Work instructions: Each line in the records below that has the word "percussion" should be copied.

Provided material:

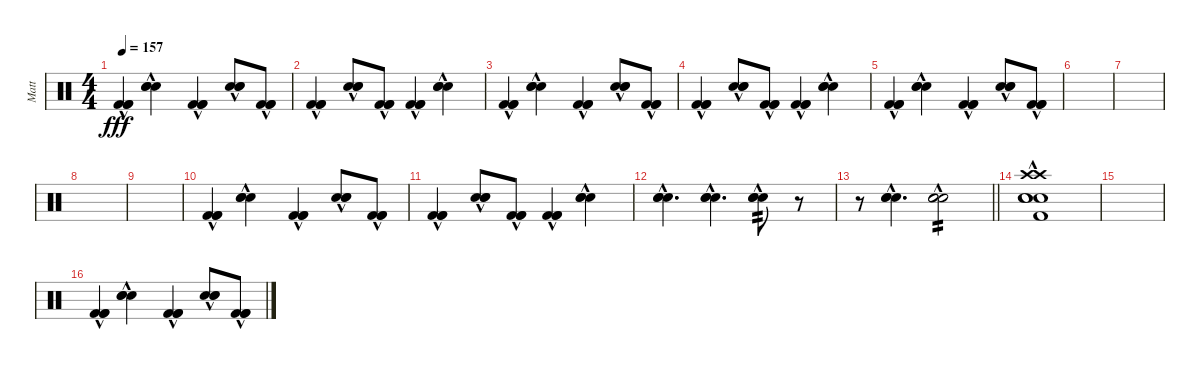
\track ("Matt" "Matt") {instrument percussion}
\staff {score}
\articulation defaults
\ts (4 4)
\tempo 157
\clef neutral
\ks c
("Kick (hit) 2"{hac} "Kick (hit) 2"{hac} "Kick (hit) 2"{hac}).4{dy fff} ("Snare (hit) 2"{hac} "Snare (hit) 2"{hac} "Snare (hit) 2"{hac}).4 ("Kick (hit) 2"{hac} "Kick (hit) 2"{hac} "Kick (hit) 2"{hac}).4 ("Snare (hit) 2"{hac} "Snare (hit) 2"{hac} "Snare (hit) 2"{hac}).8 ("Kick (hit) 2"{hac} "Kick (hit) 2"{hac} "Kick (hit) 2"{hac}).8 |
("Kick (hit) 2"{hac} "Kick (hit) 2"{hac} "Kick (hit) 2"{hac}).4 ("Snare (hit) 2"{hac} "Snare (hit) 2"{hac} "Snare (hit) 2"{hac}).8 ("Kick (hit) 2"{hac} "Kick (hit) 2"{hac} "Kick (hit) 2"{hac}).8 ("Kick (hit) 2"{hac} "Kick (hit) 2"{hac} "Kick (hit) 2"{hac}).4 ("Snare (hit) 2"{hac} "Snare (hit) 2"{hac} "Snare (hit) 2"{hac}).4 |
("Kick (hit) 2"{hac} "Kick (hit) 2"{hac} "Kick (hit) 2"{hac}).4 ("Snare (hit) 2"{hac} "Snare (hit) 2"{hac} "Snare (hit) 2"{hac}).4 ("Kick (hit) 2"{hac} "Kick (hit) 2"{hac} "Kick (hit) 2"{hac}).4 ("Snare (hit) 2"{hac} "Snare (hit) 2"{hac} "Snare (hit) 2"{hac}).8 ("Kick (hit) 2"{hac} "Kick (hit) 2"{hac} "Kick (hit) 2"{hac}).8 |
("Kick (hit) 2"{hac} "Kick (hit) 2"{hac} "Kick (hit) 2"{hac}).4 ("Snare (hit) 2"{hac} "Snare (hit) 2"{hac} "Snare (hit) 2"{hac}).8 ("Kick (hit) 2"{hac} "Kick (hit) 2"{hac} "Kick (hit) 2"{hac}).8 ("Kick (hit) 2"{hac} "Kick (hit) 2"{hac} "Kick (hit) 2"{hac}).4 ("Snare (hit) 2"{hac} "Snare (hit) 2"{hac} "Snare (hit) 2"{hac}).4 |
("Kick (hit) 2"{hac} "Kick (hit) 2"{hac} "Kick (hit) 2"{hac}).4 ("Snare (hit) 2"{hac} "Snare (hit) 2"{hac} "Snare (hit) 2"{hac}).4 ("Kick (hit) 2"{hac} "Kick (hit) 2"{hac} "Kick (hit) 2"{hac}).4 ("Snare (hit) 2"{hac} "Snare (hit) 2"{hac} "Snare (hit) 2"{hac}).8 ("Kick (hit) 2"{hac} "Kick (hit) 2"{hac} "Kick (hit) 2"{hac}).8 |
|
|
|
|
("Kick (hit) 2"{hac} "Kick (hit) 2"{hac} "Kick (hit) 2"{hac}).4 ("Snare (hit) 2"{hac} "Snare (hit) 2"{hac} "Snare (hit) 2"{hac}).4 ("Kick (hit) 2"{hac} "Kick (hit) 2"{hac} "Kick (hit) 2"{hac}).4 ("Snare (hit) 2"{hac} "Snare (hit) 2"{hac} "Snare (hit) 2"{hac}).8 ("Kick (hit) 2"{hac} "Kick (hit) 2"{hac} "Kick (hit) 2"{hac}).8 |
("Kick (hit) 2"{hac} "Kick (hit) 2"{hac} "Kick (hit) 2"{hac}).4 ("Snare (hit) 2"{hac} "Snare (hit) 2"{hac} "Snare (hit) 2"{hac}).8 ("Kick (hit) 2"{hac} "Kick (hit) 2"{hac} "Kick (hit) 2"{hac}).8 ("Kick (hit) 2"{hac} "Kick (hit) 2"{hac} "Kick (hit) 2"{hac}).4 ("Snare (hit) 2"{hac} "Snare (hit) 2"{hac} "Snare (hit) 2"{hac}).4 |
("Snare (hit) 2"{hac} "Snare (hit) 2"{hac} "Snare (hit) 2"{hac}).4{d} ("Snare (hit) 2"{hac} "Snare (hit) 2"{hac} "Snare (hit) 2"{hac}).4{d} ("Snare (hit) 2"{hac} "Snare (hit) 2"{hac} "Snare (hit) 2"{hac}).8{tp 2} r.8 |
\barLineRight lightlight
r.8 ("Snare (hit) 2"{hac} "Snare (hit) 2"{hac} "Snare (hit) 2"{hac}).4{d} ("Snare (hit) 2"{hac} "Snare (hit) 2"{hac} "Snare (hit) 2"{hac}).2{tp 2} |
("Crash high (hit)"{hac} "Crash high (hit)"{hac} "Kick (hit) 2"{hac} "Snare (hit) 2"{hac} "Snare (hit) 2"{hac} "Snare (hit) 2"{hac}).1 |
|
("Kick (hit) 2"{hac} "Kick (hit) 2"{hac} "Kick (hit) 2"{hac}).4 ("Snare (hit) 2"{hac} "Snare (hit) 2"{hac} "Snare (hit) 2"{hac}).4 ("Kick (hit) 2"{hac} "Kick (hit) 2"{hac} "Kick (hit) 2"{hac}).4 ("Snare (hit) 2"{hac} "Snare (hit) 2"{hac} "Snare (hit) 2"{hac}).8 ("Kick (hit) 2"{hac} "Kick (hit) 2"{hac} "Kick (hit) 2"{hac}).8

...

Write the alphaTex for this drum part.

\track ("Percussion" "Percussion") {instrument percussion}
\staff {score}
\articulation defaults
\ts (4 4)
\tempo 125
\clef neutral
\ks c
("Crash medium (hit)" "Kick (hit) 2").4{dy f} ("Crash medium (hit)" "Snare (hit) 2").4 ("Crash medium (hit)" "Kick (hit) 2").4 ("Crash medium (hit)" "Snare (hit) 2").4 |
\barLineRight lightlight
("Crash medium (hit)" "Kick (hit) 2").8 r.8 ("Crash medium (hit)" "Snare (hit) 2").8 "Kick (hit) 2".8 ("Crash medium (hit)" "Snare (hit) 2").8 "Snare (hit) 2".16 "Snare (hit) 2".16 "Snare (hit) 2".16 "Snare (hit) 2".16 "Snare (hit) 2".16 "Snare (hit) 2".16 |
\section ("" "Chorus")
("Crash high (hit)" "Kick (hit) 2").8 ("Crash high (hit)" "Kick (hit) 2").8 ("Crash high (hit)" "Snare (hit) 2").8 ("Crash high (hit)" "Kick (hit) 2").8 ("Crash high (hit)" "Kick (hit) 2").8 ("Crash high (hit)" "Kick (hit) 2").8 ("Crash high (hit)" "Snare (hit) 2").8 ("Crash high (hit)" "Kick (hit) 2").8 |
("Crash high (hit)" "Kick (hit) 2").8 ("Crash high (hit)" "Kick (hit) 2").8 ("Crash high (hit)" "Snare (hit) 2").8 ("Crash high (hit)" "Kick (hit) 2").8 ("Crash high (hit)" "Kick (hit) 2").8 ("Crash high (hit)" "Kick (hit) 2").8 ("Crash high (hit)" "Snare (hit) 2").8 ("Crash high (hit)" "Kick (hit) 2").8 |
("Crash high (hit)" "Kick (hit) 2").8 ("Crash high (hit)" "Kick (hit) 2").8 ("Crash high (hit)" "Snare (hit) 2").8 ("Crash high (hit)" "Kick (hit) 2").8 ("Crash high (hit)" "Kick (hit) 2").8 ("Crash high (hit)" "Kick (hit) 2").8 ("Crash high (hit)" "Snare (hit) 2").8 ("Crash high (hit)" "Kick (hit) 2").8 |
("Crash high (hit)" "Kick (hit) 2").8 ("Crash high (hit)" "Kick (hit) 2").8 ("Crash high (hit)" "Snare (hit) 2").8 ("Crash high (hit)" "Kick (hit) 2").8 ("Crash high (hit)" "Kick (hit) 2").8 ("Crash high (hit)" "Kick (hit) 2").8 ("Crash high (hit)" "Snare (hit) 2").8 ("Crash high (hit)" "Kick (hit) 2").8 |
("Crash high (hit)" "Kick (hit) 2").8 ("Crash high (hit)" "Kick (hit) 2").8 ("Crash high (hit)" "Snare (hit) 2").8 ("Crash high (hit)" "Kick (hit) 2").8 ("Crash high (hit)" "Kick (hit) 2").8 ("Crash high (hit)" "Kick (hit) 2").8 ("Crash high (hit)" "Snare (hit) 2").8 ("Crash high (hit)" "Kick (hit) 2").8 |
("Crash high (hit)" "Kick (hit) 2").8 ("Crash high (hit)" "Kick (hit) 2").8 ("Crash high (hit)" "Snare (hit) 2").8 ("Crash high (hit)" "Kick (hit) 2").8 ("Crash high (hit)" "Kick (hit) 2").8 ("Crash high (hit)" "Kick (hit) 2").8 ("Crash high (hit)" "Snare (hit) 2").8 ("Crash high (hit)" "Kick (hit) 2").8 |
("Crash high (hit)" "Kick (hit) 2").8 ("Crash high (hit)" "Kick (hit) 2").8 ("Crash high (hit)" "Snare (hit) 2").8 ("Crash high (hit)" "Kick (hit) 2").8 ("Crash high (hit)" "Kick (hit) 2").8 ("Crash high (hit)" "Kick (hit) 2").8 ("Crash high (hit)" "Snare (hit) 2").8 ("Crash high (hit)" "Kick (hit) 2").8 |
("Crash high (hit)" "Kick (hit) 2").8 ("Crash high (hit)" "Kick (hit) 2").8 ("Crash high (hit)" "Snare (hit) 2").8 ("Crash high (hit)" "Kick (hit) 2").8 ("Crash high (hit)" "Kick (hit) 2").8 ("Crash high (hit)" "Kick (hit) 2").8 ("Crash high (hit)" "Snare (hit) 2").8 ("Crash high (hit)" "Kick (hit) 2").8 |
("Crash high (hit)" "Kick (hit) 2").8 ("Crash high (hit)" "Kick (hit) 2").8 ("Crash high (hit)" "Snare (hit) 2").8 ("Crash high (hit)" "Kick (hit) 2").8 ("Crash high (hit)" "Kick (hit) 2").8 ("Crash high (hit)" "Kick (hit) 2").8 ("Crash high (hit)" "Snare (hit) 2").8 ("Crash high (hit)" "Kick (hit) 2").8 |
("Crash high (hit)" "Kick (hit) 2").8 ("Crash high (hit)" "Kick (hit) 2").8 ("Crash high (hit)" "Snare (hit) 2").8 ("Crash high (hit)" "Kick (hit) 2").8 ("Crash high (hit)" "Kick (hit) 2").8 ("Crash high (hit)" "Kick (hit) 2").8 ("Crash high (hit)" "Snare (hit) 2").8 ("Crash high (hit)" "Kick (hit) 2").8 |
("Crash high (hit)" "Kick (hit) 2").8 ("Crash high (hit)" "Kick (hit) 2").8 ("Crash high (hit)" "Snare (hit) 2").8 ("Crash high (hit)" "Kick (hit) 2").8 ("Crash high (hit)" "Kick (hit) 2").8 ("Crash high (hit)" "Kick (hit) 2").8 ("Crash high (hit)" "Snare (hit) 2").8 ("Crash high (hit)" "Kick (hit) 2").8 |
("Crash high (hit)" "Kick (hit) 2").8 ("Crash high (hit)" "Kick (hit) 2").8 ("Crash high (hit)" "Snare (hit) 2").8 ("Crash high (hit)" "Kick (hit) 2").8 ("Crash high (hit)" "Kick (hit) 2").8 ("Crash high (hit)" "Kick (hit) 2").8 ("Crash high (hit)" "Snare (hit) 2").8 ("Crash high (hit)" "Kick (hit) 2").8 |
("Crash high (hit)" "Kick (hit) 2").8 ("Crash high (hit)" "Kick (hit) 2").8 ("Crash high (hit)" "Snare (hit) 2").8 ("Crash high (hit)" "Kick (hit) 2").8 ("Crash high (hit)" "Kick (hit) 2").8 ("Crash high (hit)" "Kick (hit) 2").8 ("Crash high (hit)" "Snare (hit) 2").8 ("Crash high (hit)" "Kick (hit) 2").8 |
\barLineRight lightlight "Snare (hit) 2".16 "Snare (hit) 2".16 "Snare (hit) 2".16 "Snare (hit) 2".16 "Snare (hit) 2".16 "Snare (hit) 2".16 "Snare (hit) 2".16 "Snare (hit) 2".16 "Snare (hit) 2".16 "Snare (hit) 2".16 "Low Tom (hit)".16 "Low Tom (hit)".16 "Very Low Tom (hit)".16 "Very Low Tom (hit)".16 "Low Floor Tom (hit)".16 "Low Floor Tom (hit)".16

==

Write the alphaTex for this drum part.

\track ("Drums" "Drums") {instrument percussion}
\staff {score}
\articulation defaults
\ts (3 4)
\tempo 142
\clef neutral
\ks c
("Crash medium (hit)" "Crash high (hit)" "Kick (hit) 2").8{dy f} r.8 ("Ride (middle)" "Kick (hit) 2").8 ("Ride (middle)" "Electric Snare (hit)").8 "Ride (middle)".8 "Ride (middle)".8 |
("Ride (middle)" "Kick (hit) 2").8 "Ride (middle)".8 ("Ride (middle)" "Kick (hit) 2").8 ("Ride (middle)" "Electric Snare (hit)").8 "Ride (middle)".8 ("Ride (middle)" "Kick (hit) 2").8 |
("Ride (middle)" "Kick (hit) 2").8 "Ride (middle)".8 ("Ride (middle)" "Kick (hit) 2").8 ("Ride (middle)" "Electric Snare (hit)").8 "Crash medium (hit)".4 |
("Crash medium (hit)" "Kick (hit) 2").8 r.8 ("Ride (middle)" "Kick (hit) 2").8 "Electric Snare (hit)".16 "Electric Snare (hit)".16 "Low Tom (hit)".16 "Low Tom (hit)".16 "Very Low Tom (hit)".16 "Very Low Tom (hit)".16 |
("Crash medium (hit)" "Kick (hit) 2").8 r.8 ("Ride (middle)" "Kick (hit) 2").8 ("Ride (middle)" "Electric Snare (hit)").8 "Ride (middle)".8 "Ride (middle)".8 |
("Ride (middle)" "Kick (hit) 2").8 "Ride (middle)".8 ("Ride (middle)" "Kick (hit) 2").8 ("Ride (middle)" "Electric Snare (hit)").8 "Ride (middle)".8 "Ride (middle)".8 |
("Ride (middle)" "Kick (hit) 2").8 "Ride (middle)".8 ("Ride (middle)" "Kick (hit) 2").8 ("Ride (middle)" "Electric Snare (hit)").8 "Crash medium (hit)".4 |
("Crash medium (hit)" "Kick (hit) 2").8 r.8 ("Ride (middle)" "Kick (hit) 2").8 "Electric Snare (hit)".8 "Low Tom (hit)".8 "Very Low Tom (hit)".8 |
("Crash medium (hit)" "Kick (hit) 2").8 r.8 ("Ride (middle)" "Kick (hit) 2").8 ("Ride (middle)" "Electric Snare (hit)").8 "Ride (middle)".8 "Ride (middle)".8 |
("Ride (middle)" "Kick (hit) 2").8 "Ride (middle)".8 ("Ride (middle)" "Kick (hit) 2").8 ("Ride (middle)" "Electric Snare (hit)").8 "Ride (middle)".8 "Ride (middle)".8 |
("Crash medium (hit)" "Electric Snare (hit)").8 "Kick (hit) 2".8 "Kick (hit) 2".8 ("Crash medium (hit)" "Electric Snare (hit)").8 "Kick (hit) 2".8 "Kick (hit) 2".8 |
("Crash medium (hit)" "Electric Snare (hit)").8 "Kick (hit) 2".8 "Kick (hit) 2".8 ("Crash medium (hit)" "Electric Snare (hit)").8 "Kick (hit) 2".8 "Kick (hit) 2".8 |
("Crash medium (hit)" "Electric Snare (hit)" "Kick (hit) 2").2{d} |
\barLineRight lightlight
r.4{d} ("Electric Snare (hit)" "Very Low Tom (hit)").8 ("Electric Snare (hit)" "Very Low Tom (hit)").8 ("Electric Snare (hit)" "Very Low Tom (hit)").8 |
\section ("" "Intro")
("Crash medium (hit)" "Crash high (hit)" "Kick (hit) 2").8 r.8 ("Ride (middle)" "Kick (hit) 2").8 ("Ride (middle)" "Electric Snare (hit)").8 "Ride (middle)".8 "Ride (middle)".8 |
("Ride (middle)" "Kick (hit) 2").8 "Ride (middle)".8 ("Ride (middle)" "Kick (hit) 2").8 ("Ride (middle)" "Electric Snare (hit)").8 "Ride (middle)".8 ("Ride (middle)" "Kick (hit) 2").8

Solution for this exercise:
\track ("Matt" "Matt") {instrument percussion}
\track ("Percussion" "Percussion") {instrument percussion}
\track ("Drums" "Drums") {instrument percussion}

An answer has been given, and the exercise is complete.